Francesca has over 10 years of experience in operational and technology risk management, including her role as Head of Operational Risk at Tandem, a digital bank. She holds a BSc in Artificial Intelligence and an MSc in Human-Centered Computer Systems (Sussex University, UK). Francesca co-authored research on Safety Cases for Frontier AI with Arcadia Impact, published in December 2024, contributing to the AI safety space. She is interested in the threat model of losing control to AI and has published a project on ‘A Monte Carlo Simulation for estimating the risk of loss of control to AI’, and in the summer worked on a game built using the ArcWeave platform for people to explore choices and power structures in a world shaped by advanced Artificial Intelligence technologies.
Seb has 15+ years of software engineering experience, including developing risk monitoring systems for financial institutions like JP Morgan and HSBC. Additionally, he has 4 years of product management experience at Silicon Valley startups, combining technical expertise with strategic execution. He has led teams of 20+ software engineers on complex systems developments.
Seb and Francesca previously co-founded a fintech company, which participated in the Techstars and Barclays Accelerator programs.
We believe the most likely causes of this project failing are:
It proves unfeasible to develop a methodology that is effective for all agentic AI use cases i.e. it does not fully account for specific deployment scenarios, such as multi-agent systems or highly open-ended environments where an agent operates with significant autonomy across a broad range of domains.
Lack of adoption, if AI safety researchers and the broader community does not engage with or apply our methodology.
If the project fails we expect the outcomes to be:
Gaps in existing control mechanisms for agentic AI systems are more likely to go unnoticed, increasing systemic AI risks, particularly in high-autonomy and multi-agent deployment scenarios.
Slower iterative testing and development of AI control protocols, plus a reduced ability to prioritise the most critical areas where safeguards are lacking.

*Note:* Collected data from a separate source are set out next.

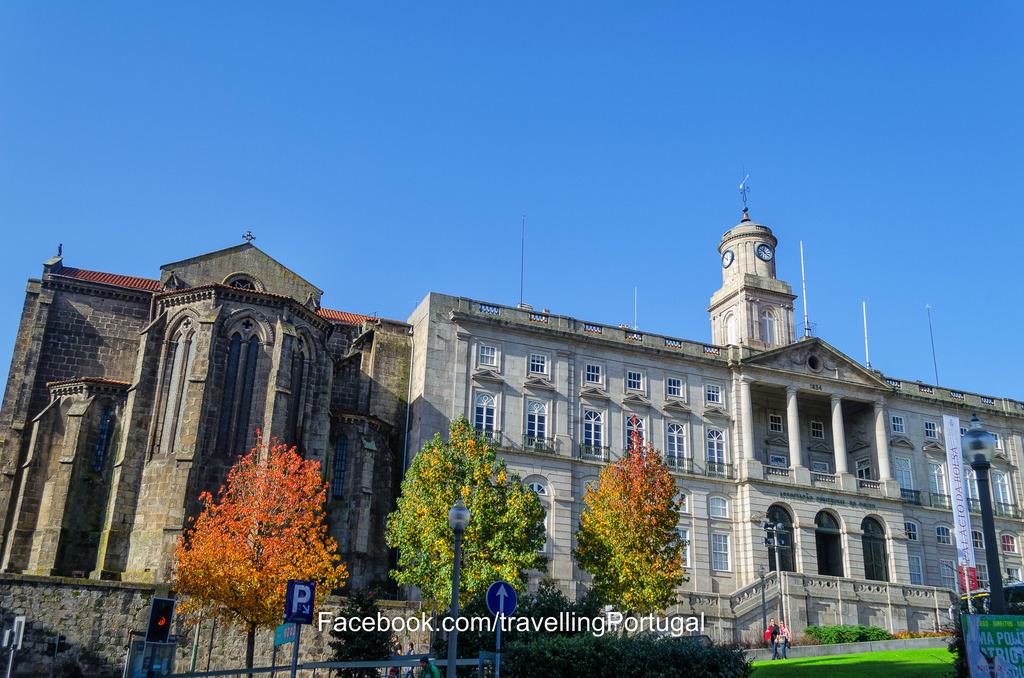What letter is shown on the sign in front of the tree?
Provide a succinct answer. P. 
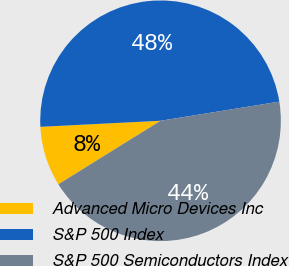Convert chart. <chart><loc_0><loc_0><loc_500><loc_500><pie_chart><fcel>Advanced Micro Devices Inc<fcel>S&P 500 Index<fcel>S&P 500 Semiconductors Index<nl><fcel>8.05%<fcel>48.26%<fcel>43.69%<nl></chart> 
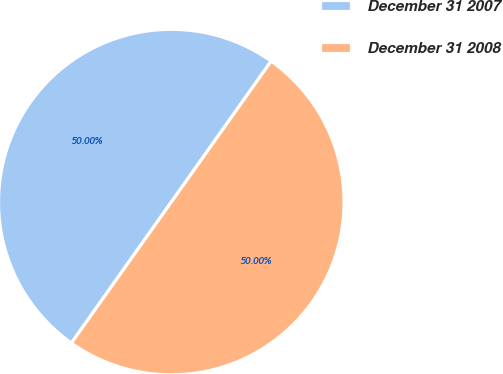Convert chart. <chart><loc_0><loc_0><loc_500><loc_500><pie_chart><fcel>December 31 2007<fcel>December 31 2008<nl><fcel>50.0%<fcel>50.0%<nl></chart> 
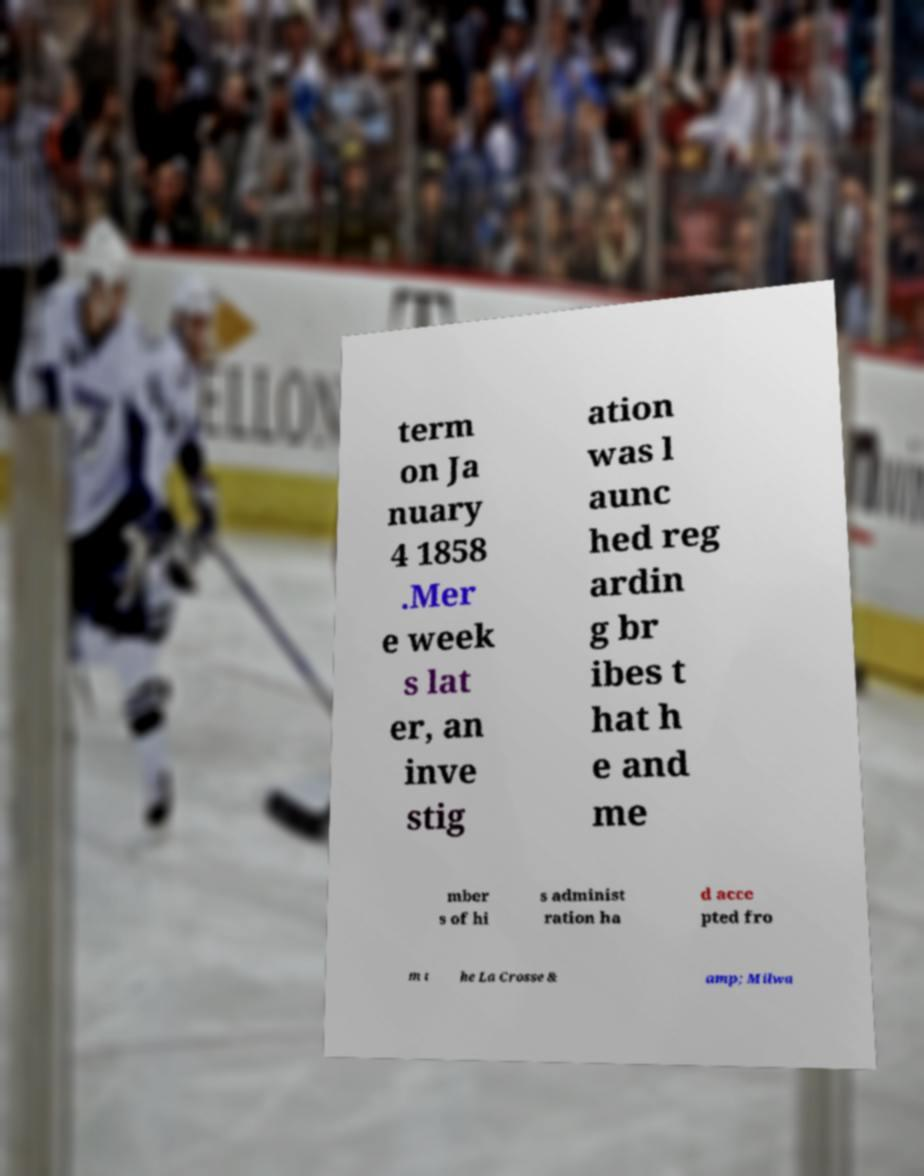What messages or text are displayed in this image? I need them in a readable, typed format. term on Ja nuary 4 1858 .Mer e week s lat er, an inve stig ation was l aunc hed reg ardin g br ibes t hat h e and me mber s of hi s administ ration ha d acce pted fro m t he La Crosse & amp; Milwa

5,000 from a private donor which has allowed us to start initial work on the design of the methodology.
Achieving our minimum funding allows us to develop the methodology for threat modelling but limits our ability to develop a technical means of running this. Full funding allows us to deliver the set of deliverables outlined above.
Romain Deléglise
5 days ago
I hope you'll have enough money to launch your project, it looks promising!